Pie Crust Recipe

This week I’ve been practicing my pie crust making technique. Even though I know the basic rules of tender crust (use cold ingredients and don’t over work the dough), I still run into problems. My dough usually sticks because I don’t use enough flour for dusting surfaces, I’m not good at crimping, and I always make a mess. I also jump from recipe to recipe, but maybe that is a good thing because it’s led me to some of the best pie crust recipes.

Best Apple Pie Ever

One of my favorite recipes in the last few weeks was Dawn Viola’s. The crust that goes with her apple pie is incredibly buttery and tastes almost like a pie surrounded by crispy croissant dough. I tried recreating that crust and had good luck with fruit pies, but in other situations, like blind baking, the crust seemed almost too buttery.

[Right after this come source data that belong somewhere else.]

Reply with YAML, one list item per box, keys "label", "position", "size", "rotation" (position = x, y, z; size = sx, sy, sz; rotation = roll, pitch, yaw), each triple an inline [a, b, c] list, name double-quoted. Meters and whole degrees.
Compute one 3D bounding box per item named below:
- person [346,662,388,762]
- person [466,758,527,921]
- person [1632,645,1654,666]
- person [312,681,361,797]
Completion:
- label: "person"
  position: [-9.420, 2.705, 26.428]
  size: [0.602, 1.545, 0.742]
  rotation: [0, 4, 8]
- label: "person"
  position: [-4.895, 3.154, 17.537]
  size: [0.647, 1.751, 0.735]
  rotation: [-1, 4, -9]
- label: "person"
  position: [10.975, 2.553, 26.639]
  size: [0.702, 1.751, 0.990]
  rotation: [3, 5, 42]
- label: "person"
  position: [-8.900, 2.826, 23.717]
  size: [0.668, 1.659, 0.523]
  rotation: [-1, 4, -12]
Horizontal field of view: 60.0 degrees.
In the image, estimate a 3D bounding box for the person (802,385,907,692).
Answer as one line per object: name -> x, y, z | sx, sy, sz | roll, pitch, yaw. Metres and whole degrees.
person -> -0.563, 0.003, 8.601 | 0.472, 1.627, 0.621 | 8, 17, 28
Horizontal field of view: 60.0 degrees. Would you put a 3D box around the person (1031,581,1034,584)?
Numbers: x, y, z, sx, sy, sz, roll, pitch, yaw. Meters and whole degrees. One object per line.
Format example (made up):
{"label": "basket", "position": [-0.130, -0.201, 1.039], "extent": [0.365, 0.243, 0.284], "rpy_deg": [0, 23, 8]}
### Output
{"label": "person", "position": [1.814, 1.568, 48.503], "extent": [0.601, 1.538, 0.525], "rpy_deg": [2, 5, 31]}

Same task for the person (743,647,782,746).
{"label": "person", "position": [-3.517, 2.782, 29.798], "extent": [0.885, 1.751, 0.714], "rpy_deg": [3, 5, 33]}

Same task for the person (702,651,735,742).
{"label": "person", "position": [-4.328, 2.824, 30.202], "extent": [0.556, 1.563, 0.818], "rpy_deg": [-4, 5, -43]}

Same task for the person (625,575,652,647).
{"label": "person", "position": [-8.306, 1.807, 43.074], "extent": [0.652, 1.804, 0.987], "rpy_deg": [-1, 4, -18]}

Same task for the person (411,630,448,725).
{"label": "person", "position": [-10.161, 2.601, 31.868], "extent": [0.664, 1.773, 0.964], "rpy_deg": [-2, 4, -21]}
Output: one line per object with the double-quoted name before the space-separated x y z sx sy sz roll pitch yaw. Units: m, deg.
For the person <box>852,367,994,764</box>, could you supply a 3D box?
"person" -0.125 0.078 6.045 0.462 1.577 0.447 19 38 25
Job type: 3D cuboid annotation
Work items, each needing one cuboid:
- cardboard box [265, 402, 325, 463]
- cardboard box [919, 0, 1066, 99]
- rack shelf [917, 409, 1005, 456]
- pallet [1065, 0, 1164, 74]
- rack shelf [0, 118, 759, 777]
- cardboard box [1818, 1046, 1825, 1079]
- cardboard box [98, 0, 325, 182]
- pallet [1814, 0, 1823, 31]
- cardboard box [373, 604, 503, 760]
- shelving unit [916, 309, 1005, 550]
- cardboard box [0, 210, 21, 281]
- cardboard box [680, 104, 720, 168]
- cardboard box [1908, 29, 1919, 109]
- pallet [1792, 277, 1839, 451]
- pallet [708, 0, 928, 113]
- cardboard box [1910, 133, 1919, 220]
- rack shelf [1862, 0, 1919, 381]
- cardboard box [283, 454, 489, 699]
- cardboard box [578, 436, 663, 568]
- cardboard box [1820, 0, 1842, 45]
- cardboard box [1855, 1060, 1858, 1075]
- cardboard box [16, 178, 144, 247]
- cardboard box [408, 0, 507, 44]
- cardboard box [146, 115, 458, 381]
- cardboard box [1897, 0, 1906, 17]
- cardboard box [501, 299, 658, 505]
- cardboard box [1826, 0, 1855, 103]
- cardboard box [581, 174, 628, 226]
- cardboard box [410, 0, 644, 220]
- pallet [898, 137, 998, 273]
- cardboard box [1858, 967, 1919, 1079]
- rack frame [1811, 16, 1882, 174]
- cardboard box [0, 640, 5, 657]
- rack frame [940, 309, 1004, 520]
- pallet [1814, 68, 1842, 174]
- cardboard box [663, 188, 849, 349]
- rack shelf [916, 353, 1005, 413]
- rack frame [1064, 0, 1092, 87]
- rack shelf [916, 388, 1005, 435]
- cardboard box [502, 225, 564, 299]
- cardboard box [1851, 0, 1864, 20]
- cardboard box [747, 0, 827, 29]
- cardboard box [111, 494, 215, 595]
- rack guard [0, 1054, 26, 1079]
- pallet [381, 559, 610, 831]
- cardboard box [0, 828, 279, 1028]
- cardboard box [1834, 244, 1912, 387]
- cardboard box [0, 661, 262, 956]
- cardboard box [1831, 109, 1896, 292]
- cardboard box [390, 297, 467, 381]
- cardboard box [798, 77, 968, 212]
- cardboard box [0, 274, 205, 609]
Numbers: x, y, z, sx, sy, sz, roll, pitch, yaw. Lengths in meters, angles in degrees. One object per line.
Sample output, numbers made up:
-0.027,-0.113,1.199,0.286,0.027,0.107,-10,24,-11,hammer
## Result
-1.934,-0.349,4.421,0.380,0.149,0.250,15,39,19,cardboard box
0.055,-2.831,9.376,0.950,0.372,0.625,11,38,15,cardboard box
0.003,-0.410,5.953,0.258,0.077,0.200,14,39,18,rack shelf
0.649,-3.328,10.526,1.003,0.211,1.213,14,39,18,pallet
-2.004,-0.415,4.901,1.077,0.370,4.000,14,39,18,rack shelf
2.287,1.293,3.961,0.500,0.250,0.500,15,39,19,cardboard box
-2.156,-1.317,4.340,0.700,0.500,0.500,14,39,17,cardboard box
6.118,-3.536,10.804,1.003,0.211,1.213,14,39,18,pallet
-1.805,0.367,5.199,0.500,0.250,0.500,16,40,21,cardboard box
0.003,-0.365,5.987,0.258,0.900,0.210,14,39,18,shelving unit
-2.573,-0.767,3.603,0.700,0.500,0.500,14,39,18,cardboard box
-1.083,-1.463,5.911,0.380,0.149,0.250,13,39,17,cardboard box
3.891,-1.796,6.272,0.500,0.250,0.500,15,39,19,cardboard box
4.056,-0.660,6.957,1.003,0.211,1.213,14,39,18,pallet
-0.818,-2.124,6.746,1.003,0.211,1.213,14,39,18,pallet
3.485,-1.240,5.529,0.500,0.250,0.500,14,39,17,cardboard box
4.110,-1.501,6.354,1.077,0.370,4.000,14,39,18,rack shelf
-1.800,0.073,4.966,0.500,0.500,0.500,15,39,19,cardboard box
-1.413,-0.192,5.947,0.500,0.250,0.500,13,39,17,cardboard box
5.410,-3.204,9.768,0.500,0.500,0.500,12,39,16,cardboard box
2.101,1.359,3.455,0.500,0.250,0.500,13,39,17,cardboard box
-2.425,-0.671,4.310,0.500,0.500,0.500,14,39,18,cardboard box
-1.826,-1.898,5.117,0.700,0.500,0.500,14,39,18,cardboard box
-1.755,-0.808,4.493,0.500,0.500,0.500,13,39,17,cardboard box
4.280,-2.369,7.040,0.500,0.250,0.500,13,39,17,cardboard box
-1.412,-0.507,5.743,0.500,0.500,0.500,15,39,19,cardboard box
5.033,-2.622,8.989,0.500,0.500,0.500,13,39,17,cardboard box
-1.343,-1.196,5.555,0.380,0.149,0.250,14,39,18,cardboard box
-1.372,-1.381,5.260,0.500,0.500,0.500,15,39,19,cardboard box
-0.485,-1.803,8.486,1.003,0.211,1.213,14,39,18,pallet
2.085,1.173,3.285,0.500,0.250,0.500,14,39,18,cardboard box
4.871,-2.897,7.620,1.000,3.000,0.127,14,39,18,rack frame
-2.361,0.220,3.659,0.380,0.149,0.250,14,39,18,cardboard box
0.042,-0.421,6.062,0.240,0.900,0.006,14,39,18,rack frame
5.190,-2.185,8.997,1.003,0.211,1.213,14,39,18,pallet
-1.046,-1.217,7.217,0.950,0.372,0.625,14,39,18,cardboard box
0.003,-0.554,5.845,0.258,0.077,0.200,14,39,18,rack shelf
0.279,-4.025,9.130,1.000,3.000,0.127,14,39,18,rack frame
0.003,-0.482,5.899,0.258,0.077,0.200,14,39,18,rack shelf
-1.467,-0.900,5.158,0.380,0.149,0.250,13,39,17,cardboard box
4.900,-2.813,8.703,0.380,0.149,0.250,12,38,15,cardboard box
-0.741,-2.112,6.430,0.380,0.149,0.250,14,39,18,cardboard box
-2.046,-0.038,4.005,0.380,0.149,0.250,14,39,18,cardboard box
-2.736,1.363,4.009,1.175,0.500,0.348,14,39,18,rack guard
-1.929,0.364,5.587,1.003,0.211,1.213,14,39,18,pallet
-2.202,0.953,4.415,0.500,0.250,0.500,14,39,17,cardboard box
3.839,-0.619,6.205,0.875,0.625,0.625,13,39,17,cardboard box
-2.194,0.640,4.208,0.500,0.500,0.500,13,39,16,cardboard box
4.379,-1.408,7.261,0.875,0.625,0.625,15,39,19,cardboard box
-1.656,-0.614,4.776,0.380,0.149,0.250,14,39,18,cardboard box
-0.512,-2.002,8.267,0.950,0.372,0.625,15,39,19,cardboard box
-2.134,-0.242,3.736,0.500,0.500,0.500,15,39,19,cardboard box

This is a second crust I came up with. It’s similar to Dawn’s, but with a little less fat in the dough. And in this one, you can use regular butter rather than European. So this my favorite pie crust at the moment. I still need more practice on crimping, latticing and even rolling the dough out just right, but I do like how this crusts tastes.

Also, if you’re new to crust making I highly recommend watching some videos before proceeding. Here’s one from Epicurious that’s pretty good. I usually use my food processor, but doing it by hand will give you a good idea of how the dough is supposed to look and feel if you’re just starting out.

Pie Crust Recipe
Prep time
Cook time
Total time
Favorite Pie Crust recipe for a double crust pie or two small single crust pies.
Recipe type: Dessert
Cuisine: American
Serves: 8
  • 2 1/2 cups all purpose flour plus extra for dusting (11. 5 oz plus extra)
  • 1/2 teaspoon salt
  • 1 tablespoon granulated sugar
  • 12 tablespoons unsalted butter, cold, cut up
  • 4 tablespoons shortening
  • 1 tablespoon vinegar, chilled plus 1 teaspoon vanilla
  • 4-6 tablespoons ice water (I’ve needed 6)
  1. Combine flour, salt and sugar in a bowl and put them in the freezer for about 20 minutes. Put food processor bowl and blade in freezer as well.
  2. Assemble food processor as usual and dump in the flour mixture. Pulse a few times to mix. Add cold butter and shortening and pulse 10-15 times or until mixture is coarse. Add the vinegar/vanilla mixture and pulse to mix. Add water two tablespoons at a time, pulsing until mixture is moist enough so that when you pinch it together. It should still look pretty dry at this point, but should hold together when pinched.
  3. Turn the dough onto a work surface and shape into two portions. It should go from a raggedy mess to two raggedy disks – they should hold together, though. If they don’t, you didn’t add enough water. Wrap in plastic wrap and chill for at least one hour to rest the dough. This is an important step. Don’t skip the resting.
  4. When ready to use, sprinkle some flour over a big sheet of nonstick foil or parchment. Set the disk of dough on the foil and let it sit at room temperature for about 15 minutes. Sprinkle top with more flour, then lay another big sheet of nonstick foil or parchment over the dough and roll out from the center to the edge one stroke at a time, going around clockwise, to make about a 13 inch round. Now it’s time to put it in the pie dish. I like to invert the 9 inch pie plate or tin over round and flip, but you can also fold the circle in half, lift it up, then press it into the pie dish. Press pie dough into pan, fold edges inward and crimp.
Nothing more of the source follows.